(Beginning of Information shown)

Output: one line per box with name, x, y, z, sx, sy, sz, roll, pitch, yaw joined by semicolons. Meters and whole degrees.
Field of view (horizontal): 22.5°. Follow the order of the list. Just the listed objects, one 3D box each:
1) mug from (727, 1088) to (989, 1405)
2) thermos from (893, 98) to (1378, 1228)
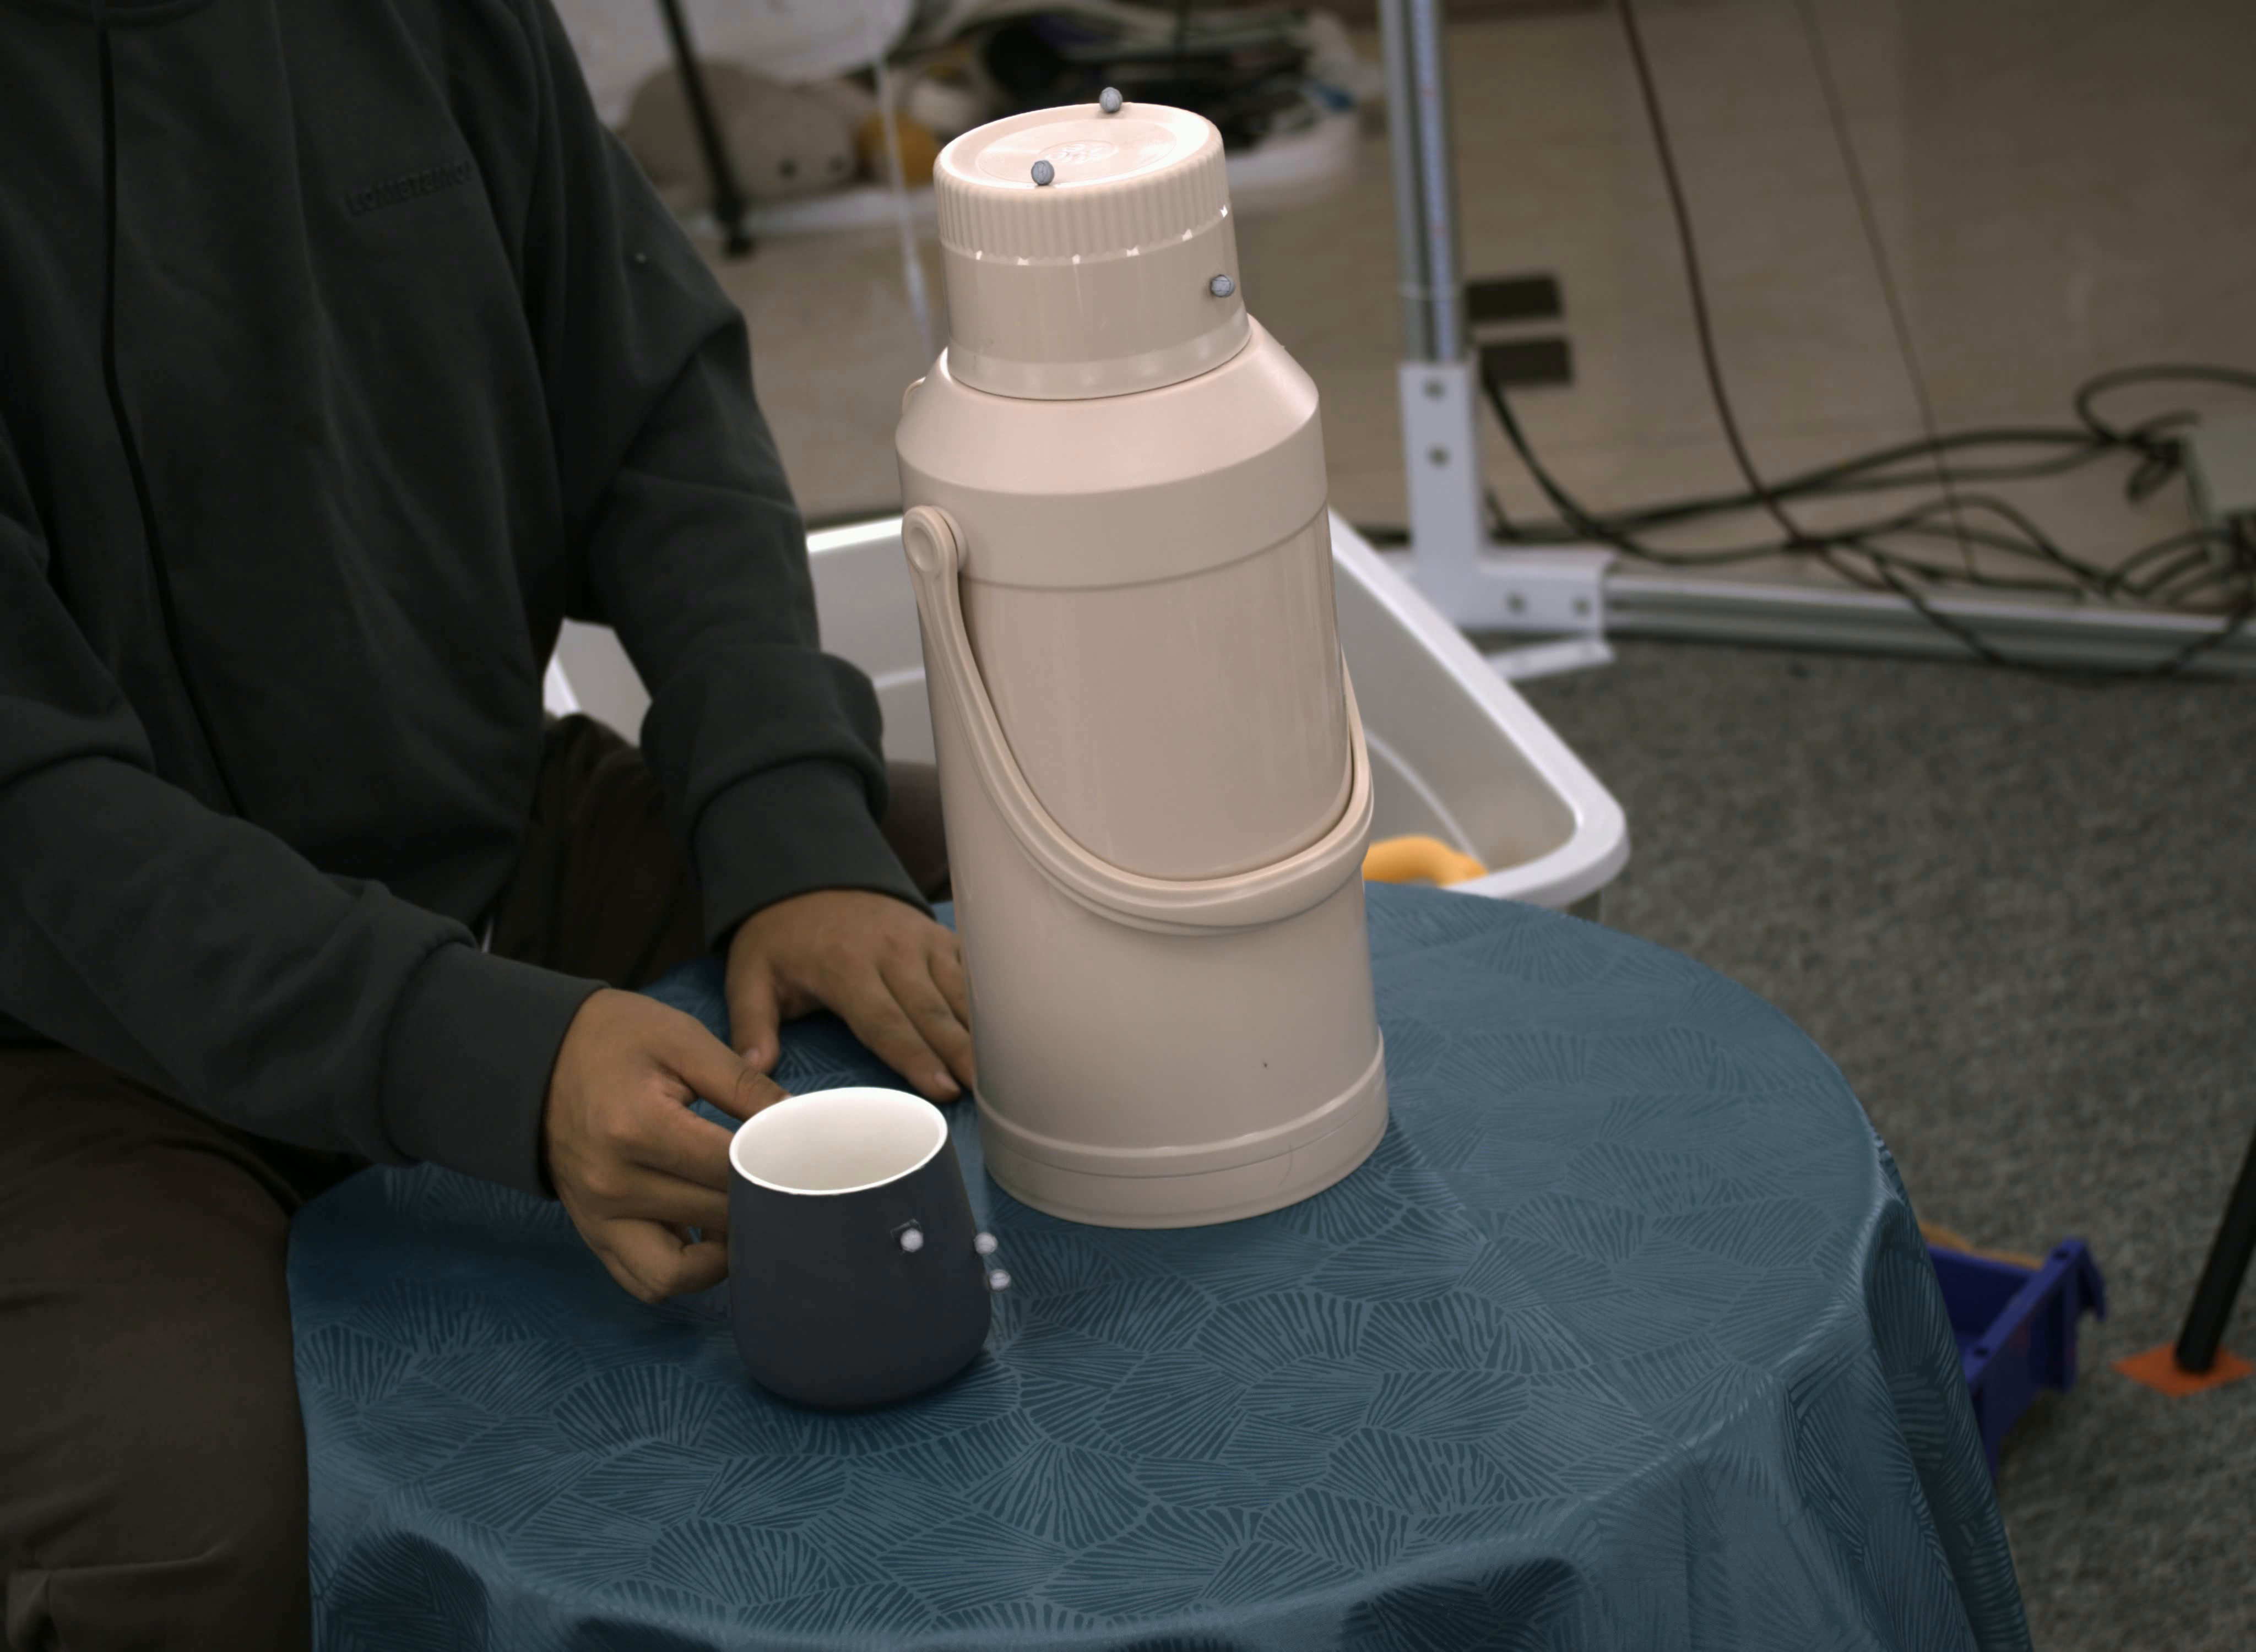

(End of Information shown)

### Task requirements
Look over the material above and report each line holding "from".

### Exercise response
1) mug from (727, 1088) to (989, 1405)
2) thermos from (893, 98) to (1378, 1228)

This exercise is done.